_EXERCISE PROMPT_: Your answer should be a number only: the count of lines in the following entries that contain "below".

_DATA FOR THIS TASK_:
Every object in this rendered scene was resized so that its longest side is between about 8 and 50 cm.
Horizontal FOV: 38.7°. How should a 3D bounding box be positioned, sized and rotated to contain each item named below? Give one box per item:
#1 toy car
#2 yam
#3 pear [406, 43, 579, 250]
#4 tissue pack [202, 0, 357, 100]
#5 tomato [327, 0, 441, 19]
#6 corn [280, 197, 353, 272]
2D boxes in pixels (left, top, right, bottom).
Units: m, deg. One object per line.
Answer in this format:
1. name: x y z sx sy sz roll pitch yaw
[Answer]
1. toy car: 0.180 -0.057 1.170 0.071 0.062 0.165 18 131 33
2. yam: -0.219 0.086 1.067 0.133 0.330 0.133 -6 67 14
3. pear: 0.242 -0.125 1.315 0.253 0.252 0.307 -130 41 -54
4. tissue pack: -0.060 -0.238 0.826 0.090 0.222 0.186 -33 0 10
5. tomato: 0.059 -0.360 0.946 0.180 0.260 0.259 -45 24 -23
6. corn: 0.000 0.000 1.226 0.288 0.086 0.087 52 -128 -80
...
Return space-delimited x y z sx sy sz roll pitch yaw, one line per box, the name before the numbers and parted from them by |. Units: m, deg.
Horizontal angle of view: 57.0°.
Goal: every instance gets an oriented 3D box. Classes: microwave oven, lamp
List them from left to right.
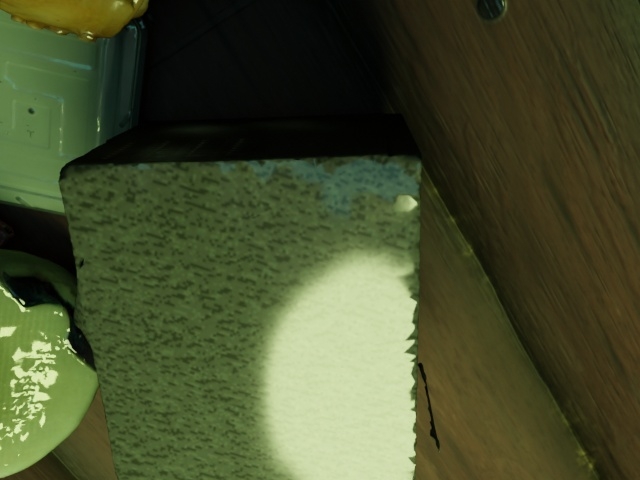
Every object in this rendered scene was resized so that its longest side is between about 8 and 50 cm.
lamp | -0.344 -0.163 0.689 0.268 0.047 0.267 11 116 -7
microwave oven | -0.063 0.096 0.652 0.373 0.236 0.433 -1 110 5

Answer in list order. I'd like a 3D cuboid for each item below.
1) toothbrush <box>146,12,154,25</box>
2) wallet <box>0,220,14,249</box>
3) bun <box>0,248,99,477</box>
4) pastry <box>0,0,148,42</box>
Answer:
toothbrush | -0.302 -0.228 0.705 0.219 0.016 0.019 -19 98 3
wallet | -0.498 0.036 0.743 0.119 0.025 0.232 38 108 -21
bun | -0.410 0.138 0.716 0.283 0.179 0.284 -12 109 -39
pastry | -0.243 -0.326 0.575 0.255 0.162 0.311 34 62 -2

_TASK SOLUTION_: 2